If you know how to strip down an engine or a suspension, then you are the practitioner of a craft, a trade. You are one of the guys in blue overalls who is able to pick up a solenoid and tell you whether or not the alternator's gone. But you don't need a degree to do that, do you? You don't need any of that fancy book-learning, hmm?

That, at least, is the belief of the many who think it is still easy to make a distinction between the academic and the vocational. That is the bifurcation of the human mind insisted upon by all those who say that too many of our young people have been lured into doing degrees when they should be learning to use their hands and to be happy with their lot.

Well, the other day we were standing in our hard hats in the glorious new eco-friendly hangar being built for motorsport instruction at Oxford Brookes University. In a few short months the place will be full of students testing tyre strengths, braking distances and trying to make outrageously fast machines go that little bit faster.

There are already 150 motorsport students at Oxford Brookes, and they are heading for a business that already employs 40,000 people in this country, which has a turnover of £7bn, and which invests more as a proportion in research and development than any other industry. In one sense it is true that they are grease-monkeys and spanner-wielders, because they certainly know how to use a spanner.

I doubt very much whether Oxford Brookes will allow them to have a Pirelli calendar on the wall, but the atmosphere and the sound effects will be not so very unlike garages across the country.

And yet it would be a fatal mistake to think that there is not a deeply academic side to all this. This is about making tiny improvements in performance, and if you want to make your brakes that much more effective at speed, you may want to know how a plate will vibrate under pressure, and you can't very easily predict how a plate will vibrate under pressure unless you can do partial differential equations.

And the point is that these students can. These rude mechanicals, lying on their backs and listening to Virgin Radio, can also cut the mustard with the x curve and the y curve, and if that isn't academic, I don't know what is.

Of course, it would be fair to say that the state of maths and physics in this country is so worrying that they often need help when they get here. Too many of the entrants to Brookes still need remedial mathematics, and the lecturers at Brookes are scathing about the AS-level, and its attempts to cram enough maths in one year.

But about 40 of the 150 entrants come here with straight As in maths and A-level physics; and they will leave with their understanding of those disciplines enlarged not only practically, but also theoretically.

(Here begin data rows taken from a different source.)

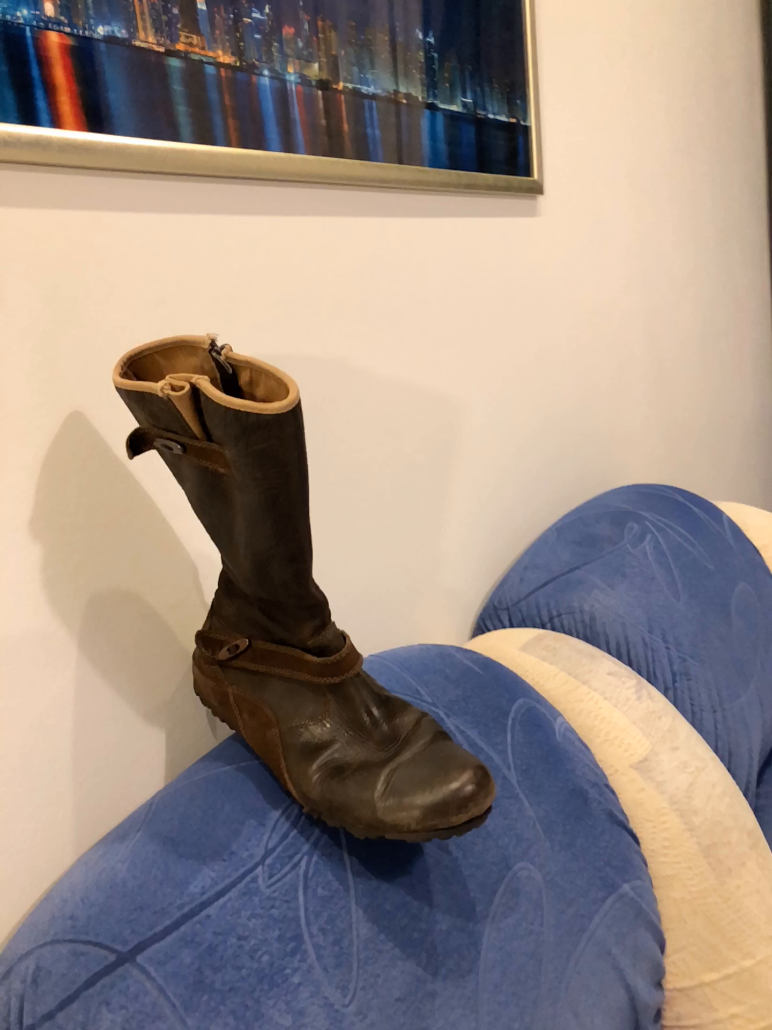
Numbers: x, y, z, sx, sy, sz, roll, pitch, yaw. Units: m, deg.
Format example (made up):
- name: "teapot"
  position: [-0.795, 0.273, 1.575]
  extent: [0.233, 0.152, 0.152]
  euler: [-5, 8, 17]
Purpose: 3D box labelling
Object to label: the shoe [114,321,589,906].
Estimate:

As it happens, they will also leave with the prospect of earning £20,000 to £22,000 as soon as they join the industry, because they will be so vocationally prepared as to be able to dive straight in.

So, here's my message to all the saloon-bar bores who say that it was a terrible mistake to abolish the division between universities and polytechnics, and that it is easy to make a distinction between academic and vocational courses: if you can get an A in A-level physics, or if you could sit down, now, and solve a partial differential equation, then I might be prepared to take you seriously.